In Dickens's day, children were beaten, starved to death, and worked in factories. Ignorance referred to the lack of education they were able to receive, and therefore an inability to rise above their subservient lot in life. Want was truly a desperate need for the basic necessities of life--food, clothing, shelter, even a family to care for them. The people of the time looked the other way from the urchins in the street or employed them in deplorable conditions. Thank heaven we do not live that way anymore! Unfortunately, instead of stopping at a reasonable place, the pendulum has swung completely in the other direction, as pendulums tend to do.
Ignorance of 2009 is not an illiterate emaciated waif. Instead of "academic" ignorance, he possesses a complete ignorance of his own shortcomings and weaknesses. He is ignorant of the need for humility, kindness, or service. He is ignorant of his own ignorance, for he knows all. He has been told from birth that he is special--more special than anyone else, just by being himself. He is well dressed and awesome. He is perfect. He does not have any real friends, but only because, as his mother says, "the other kids are too jealous or stupid to recognize how special he is." His teachers can not teach him, because they are all morons. He is an American Idol contestant who sounds like a cat being beaten to death, but knows he is a good singer because the judges are "just *@! morons." He is the kid in second grade that failed math and nonchalantly declared "Hey, it's not what you know, it's who you know!" When attention is called to his overarching jerkiness, he is defended as having "a healthy confidence level." When he gets to High School, this kid will be driving the car while his mom walks to do her errands because his needs always come first. He will never fill it up with gas. He is oblivious to any human beings on this planet besides himself and those that meet his needs.
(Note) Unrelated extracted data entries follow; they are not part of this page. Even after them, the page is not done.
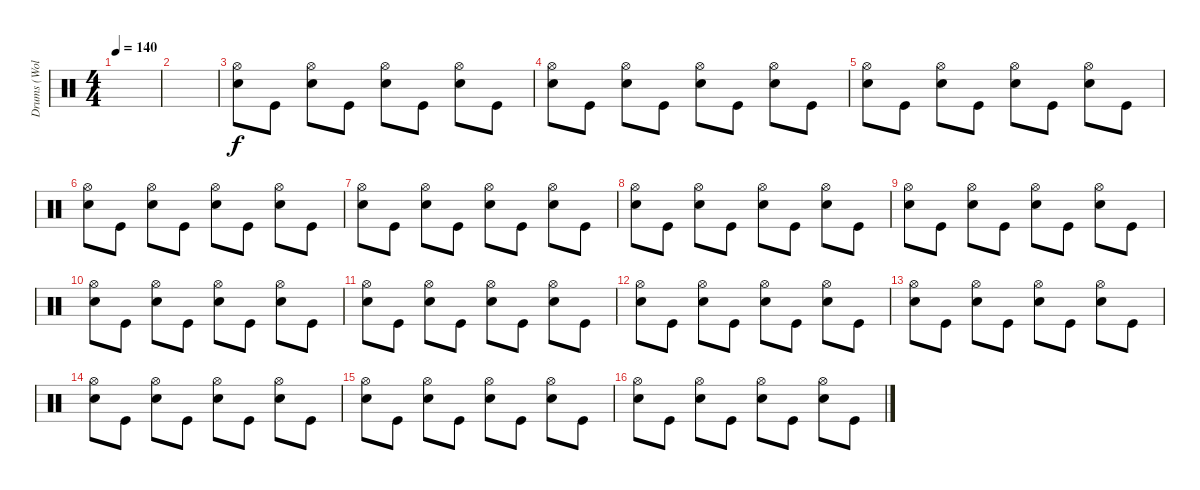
\track ("Drums (Wolf Simons)" "Drums (Wol") {instrument percussion}
\staff {score}
\articulation defaults
\ts (4 4)
\tempo 140
\clef neutral
\ks c
|
|
("Hi-Hat (open)" "Electric Snare (hit)").8 "Kick (hit)".8 ("Hi-Hat (open)" "Electric Snare (hit)").8 "Kick (hit)".8 ("Hi-Hat (open)" "Electric Snare (hit)").8 "Kick (hit)".8 ("Hi-Hat (open)" "Electric Snare (hit)").8 "Kick (hit)".8 |
("Hi-Hat (open)" "Electric Snare (hit)").8 "Kick (hit)".8 ("Hi-Hat (open)" "Electric Snare (hit)").8 "Kick (hit)".8 ("Hi-Hat (open)" "Electric Snare (hit)").8 "Kick (hit)".8 ("Hi-Hat (open)" "Electric Snare (hit)").8 "Kick (hit)".8 |
("Hi-Hat (open)" "Electric Snare (hit)").8 "Kick (hit)".8 ("Hi-Hat (open)" "Electric Snare (hit)").8 "Kick (hit)".8 ("Hi-Hat (open)" "Electric Snare (hit)").8 "Kick (hit)".8 ("Hi-Hat (open)" "Electric Snare (hit)").8 "Kick (hit)".8 |
("Hi-Hat (open)" "Electric Snare (hit)").8 "Kick (hit)".8 ("Hi-Hat (open)" "Electric Snare (hit)").8 "Kick (hit)".8 ("Hi-Hat (open)" "Electric Snare (hit)").8 "Kick (hit)".8 ("Hi-Hat (open)" "Electric Snare (hit)").8 "Kick (hit)".8 |
("Hi-Hat (open)" "Electric Snare (hit)").8 "Kick (hit)".8 ("Hi-Hat (open)" "Electric Snare (hit)").8 "Kick (hit)".8 ("Hi-Hat (open)" "Electric Snare (hit)").8 "Kick (hit)".8 ("Hi-Hat (open)" "Electric Snare (hit)").8 "Kick (hit)".8 |
("Hi-Hat (open)" "Electric Snare (hit)").8 "Kick (hit)".8 ("Hi-Hat (open)" "Electric Snare (hit)").8 "Kick (hit)".8 ("Hi-Hat (open)" "Electric Snare (hit)").8 "Kick (hit)".8 ("Hi-Hat (open)" "Electric Snare (hit)").8 "Kick (hit)".8 |
("Hi-Hat (open)" "Electric Snare (hit)").8 "Kick (hit)".8 ("Hi-Hat (open)" "Electric Snare (hit)").8 "Kick (hit)".8 ("Hi-Hat (open)" "Electric Snare (hit)").8 "Kick (hit)".8 ("Hi-Hat (open)" "Electric Snare (hit)").8 "Kick (hit)".8 |
("Hi-Hat (open)" "Electric Snare (hit)").8 "Kick (hit)".8 ("Hi-Hat (open)" "Electric Snare (hit)").8 "Kick (hit)".8 ("Hi-Hat (open)" "Electric Snare (hit)").8 "Kick (hit)".8 ("Hi-Hat (open)" "Electric Snare (hit)").8 "Kick (hit)".8 |
("Hi-Hat (open)" "Electric Snare (hit)").8 "Kick (hit)".8 ("Hi-Hat (open)" "Electric Snare (hit)").8 "Kick (hit)".8 ("Hi-Hat (open)" "Electric Snare (hit)").8 "Kick (hit)".8 ("Hi-Hat (open)" "Electric Snare (hit)").8 "Kick (hit)".8 |
("Hi-Hat (open)" "Electric Snare (hit)").8 "Kick (hit)".8 ("Hi-Hat (open)" "Electric Snare (hit)").8 "Kick (hit)".8 ("Hi-Hat (open)" "Electric Snare (hit)").8 "Kick (hit)".8 ("Hi-Hat (open)" "Electric Snare (hit)").8 "Kick (hit)".8 |
("Hi-Hat (open)" "Electric Snare (hit)").8 "Kick (hit)".8 ("Hi-Hat (open)" "Electric Snare (hit)").8 "Kick (hit)".8 ("Hi-Hat (open)" "Electric Snare (hit)").8 "Kick (hit)".8 ("Hi-Hat (open)" "Electric Snare (hit)").8 "Kick (hit)".8 |
("Hi-Hat (open)" "Electric Snare (hit)").8 "Kick (hit)".8 ("Hi-Hat (open)" "Electric Snare (hit)").8 "Kick (hit)".8 ("Hi-Hat (open)" "Electric Snare (hit)").8 "Kick (hit)".8 ("Hi-Hat (open)" "Electric Snare (hit)").8 "Kick (hit)".8 |
("Hi-Hat (open)" "Electric Snare (hit)").8 "Kick (hit)".8 ("Hi-Hat (open)" "Electric Snare (hit)").8 "Kick (hit)".8 ("Hi-Hat (open)" "Electric Snare (hit)").8 "Kick (hit)".8 ("Hi-Hat (open)" "Electric Snare (hit)").8 "Kick (hit)".8 |
("Hi-Hat (open)" "Electric Snare (hit)").8 "Kick (hit)".8 ("Hi-Hat (open)" "Electric Snare (hit)").8 "Kick (hit)".8 ("Hi-Hat (open)" "Electric Snare (hit)").8 "Kick (hit)".8 ("Hi-Hat (open)" "Electric Snare (hit)").8 "Kick (hit)".8

Want of 2009 is no slouch herself. She might be renamed "I Want" instead of just want. Truly the Veruca Salt of her generation, she the poster child for overindulged. A cell phone of her own at age 3, enough Powerwheels to host her own car show by age 4. The candy diet she started in toddlerhood may not have done her any favors, but it kept her from screaming, but she now fills her emotional emptiness with things instead of food, so it worked out. She will be able to get plastic surgery someday anyhow. She looks down on those with less, and calls out the "cheapies" while opening her pile of birthday gifts. She dresses like a prostitot in expensive clothes. When she is a teenager, she will still throw tantrums. Her list is endless and her anger merciless. If you do not give into what she wants, she will make you so very sorry. She is not the queen bee--she stole the queen bee's boyfriend, stung her with a vicious rumor and took her crown by force. No one will stop her because her parents are so desperate to recapture their own glory days and are dying to be considered cool. Want is not ignorant to her own shortcomings, but doesn't care because "it's better to be pretty and rich." Her car will someday cost more than my house, and she too, will never fill it with gas. She could be making your daughter's life miserable right this very minute.
So there you have it. If we allow Ignorance and Want to continue as the unheeded children of society the word "Doom" still very much applies, though their appearance has drastically changed. Plus, none of our cars will have gas. That's the lesson for today. It may not be as scary looking as starving children, but it still makes me shudder. And to Charles Dickens: I apologize for this. Truly I do. I love your work.